If it is not likely or purely hypothetical, would this count as irresponsible journalism?
https://www.forbes.com/sites/roberthart/2020/10/20/researchers-warn-some-covid-19-vaccines-could-increase-risk-of-hiv-infection/#455717cb3740
Also, I guess, while I’m in the doubt-casting business, what’s the general concensus on the fear that the virus might be less than effective for the obese? That’s a LOT of Americans, esp. poor and low-income Americans (people at some of the highest risk). Might this be a serious stumbling block?

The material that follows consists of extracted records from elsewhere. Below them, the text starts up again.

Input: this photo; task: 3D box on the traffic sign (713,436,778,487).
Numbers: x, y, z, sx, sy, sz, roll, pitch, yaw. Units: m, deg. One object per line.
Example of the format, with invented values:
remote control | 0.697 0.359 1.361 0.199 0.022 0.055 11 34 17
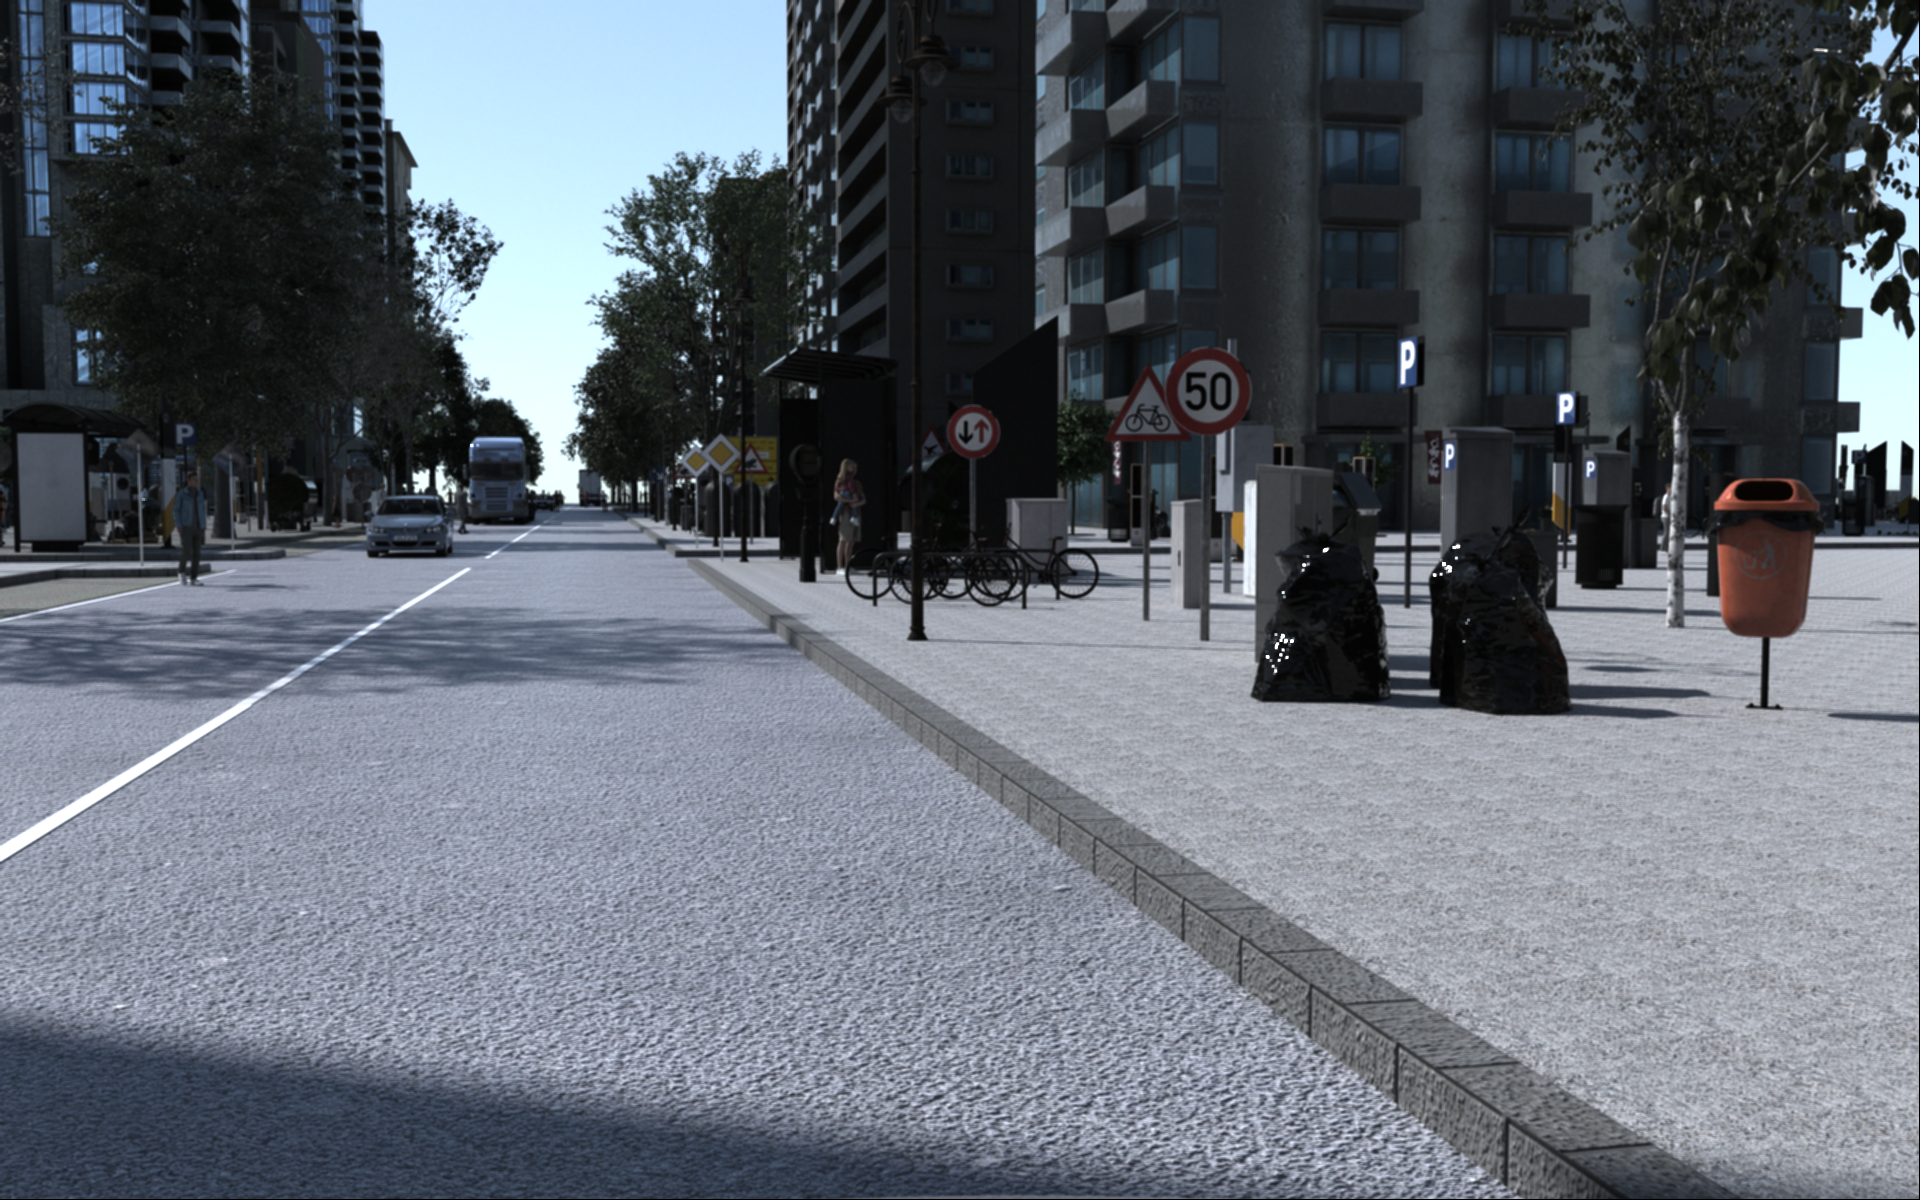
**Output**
traffic sign | -7.531 -4.101 60.930 2.265 3.308 0.079 -1 4 -12

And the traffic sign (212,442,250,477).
traffic sign | -16.245 -2.227 38.594 0.795 2.593 0.064 -1 4 -12

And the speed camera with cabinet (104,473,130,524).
speed camera with cabinet | -37.024 -4.930 74.948 0.660 3.252 2.038 2 4 31

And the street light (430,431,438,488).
street light | -34.329 -8.588 113.208 0.468 5.910 1.993 -1 4 -12

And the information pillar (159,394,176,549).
information pillar | -18.604 -3.016 40.673 0.183 3.616 0.504 0 4 8

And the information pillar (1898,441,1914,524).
information pillar | 41.105 -5.132 75.255 0.504 3.616 0.183 1 4 15

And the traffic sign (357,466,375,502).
traffic sign | -26.461 -4.717 77.225 0.768 2.556 0.104 -1 4 -11

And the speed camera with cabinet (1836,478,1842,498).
speed camera with cabinet | 50.042 -6.430 99.473 0.660 3.252 2.038 3 5 45

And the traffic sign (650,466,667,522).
traffic sign | -13.870 -4.867 79.687 0.768 2.556 0.104 -1 4 -9

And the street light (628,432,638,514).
street light | -22.218 -8.868 117.787 0.468 5.910 1.993 -1 4 -12

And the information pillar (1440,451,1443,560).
information pillar | 8.363 -1.522 29.382 0.304 2.012 0.304 0 4 -8

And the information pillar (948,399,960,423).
information pillar | -0.063 -3.145 42.782 0.504 3.616 0.183 1 4 10

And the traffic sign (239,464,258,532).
traffic sign | -24.181 -3.471 58.873 0.606 2.300 0.079 0 4 -3

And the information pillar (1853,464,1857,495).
information pillar | 48.446 -6.241 93.397 0.504 3.616 0.183 1 4 15

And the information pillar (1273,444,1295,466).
information pillar | 4.725 -1.291 25.606 0.304 2.012 0.304 3 5 42

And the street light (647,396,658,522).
street light | -13.751 -6.453 78.300 0.468 5.910 1.993 -1 4 -12

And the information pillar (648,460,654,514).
information pillar | -19.529 -7.219 109.388 0.183 3.616 0.504 1 4 16

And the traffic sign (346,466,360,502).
traffic sign | -27.506 -4.807 78.693 0.768 2.556 0.104 -1 4 -8

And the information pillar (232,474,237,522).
information pillar | -33.463 -5.392 79.519 0.504 3.616 0.183 -1 4 -22

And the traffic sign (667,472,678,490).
traffic sign | -16.670 -6.101 99.747 0.884 2.594 0.081 0 4 -3

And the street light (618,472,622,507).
street light | -29.682 -11.012 152.830 0.468 5.910 1.993 -1 4 -12

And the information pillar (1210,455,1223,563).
information pillar | 4.735 -1.705 32.369 0.304 2.012 0.304 -1 4 -16

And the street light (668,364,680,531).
street light | -10.044 -5.382 60.776 0.468 5.910 1.993 -1 4 -12

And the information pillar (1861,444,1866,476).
information pillar | 42.009 -5.456 80.554 0.183 3.616 0.504 3 5 39

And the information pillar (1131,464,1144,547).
information pillar | 4.350 -2.309 42.236 0.304 2.012 0.304 1 4 22

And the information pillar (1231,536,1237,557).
information pillar | 5.674 -1.882 35.259 0.304 2.012 0.304 3 4 38

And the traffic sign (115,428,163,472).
traffic sign | -14.584 -1.749 30.783 0.795 2.593 0.064 -1 4 -12

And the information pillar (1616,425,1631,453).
information pillar | 22.626 -4.144 59.113 0.504 3.616 0.183 -1 4 -14

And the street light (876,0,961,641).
street light | -0.375 -2.585 15.049 0.468 5.910 1.993 -1 4 -12

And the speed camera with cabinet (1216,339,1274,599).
speed camera with cabinet | 3.790 -1.665 21.559 0.660 3.252 2.038 -1 4 -11

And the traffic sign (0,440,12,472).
traffic sign | -22.393 -2.453 40.219 0.768 2.556 0.104 -1 4 -11

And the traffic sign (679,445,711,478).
traffic sign | -6.171 -2.356 40.708 0.795 2.593 0.064 -1 4 -12

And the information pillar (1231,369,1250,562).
information pillar | 5.273 -2.528 32.688 0.183 3.616 0.504 -3 4 -38

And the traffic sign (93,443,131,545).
traffic sign | -21.517 -2.688 43.950 0.884 2.594 0.081 -1 4 -10

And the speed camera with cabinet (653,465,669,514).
speed camera with cabinet | -18.622 -7.137 111.030 2.038 3.252 0.660 -1 4 -14

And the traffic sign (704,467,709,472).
traffic sign | -9.134 -3.908 64.001 0.768 2.556 0.104 0 4 -6

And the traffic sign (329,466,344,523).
traffic sign | -27.916 -4.727 77.396 0.768 2.556 0.104 -1 4 -9

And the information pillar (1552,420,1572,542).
information pillar | 15.974 -3.335 45.887 0.504 3.616 0.183 -1 4 -10

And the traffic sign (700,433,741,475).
traffic sign | -4.510 -1.878 32.896 0.795 2.593 0.064 -1 4 -12

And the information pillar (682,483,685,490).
information pillar | -18.069 -6.677 113.660 0.304 2.012 0.304 -2 4 -33

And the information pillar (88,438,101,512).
information pillar | -32.459 -4.495 64.844 0.504 3.616 0.183 -1 4 -13

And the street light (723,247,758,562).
street light | -4.084 -3.657 32.572 0.468 5.910 1.993 -1 4 -12

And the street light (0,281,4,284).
street light | -16.059 -3.394 28.284 0.468 5.910 1.993 -1 4 -12

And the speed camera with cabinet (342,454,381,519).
speed camera with cabinet | -29.299 -5.551 85.094 2.038 3.252 0.660 1 4 17

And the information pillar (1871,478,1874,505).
information pillar | 42.838 -4.720 81.659 0.304 2.012 0.304 -1 4 -19

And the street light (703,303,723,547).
street light | -5.957 -4.239 42.103 0.468 5.910 1.993 -1 4 -12

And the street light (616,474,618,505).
street light | -33.542 -12.138 171.235 0.468 5.910 1.993 -1 4 -12

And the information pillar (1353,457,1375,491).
information pillar | 8.019 -1.831 34.428 0.304 2.012 0.304 -2 4 -35

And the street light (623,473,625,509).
street light | -25.889 -9.941 135.324 0.468 5.910 1.993 -1 4 -12

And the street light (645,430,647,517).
street light | -17.462 -7.544 96.131 0.468 5.910 1.993 -1 4 -12

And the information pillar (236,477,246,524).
information pillar | -31.190 -4.320 75.131 0.304 2.012 0.304 -3 5 -43

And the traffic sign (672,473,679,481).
traffic sign | -16.594 -6.142 100.149 0.795 2.593 0.064 0 4 -8

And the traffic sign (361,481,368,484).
traffic sign | -38.108 -6.757 110.585 0.768 2.556 0.104 0 4 -5

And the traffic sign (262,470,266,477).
traffic sign | -31.569 -4.774 77.780 0.795 2.593 0.064 0 4 -7

This only applies to CanSino and perhaps the Russian vaccine, among the current candidates.
Frankly, even if were certain, it might be a bit irresponsible to publish *now* when uncertainty is so high (esp as Forbes is an US outlet so should know about vaccine concerns related to the current administration & election is 2 weeks away!) and the vaccine isn’t being distributed yet.
And nothing about COVID vaccines can really be certain since there are several different mechanisms being pursued.
UPDATE: J&J Trials To Resume — “An independent committee investigated the case of a man in the trial who suffered a stroke and concluded it was not related to the vaccine.”
https://www.msn.com/en-us/news/us/johnson-and-johnson-coronavirus-vaccine-trial-will-resume-soon/ar-BB1akWKb?li=BBnbfcL
Also AstraZeneca :
https://www.businessinsider.com/astrazeneca-oxford-coronavirus-vaccine-trial-can-continue-in-the-us-2020-10
“…The FDA plans to require AstraZeneca researchers to tell participants of the suspected adverse reaction, and monitor them for “neurological events,” the Wall Street Journal reported.”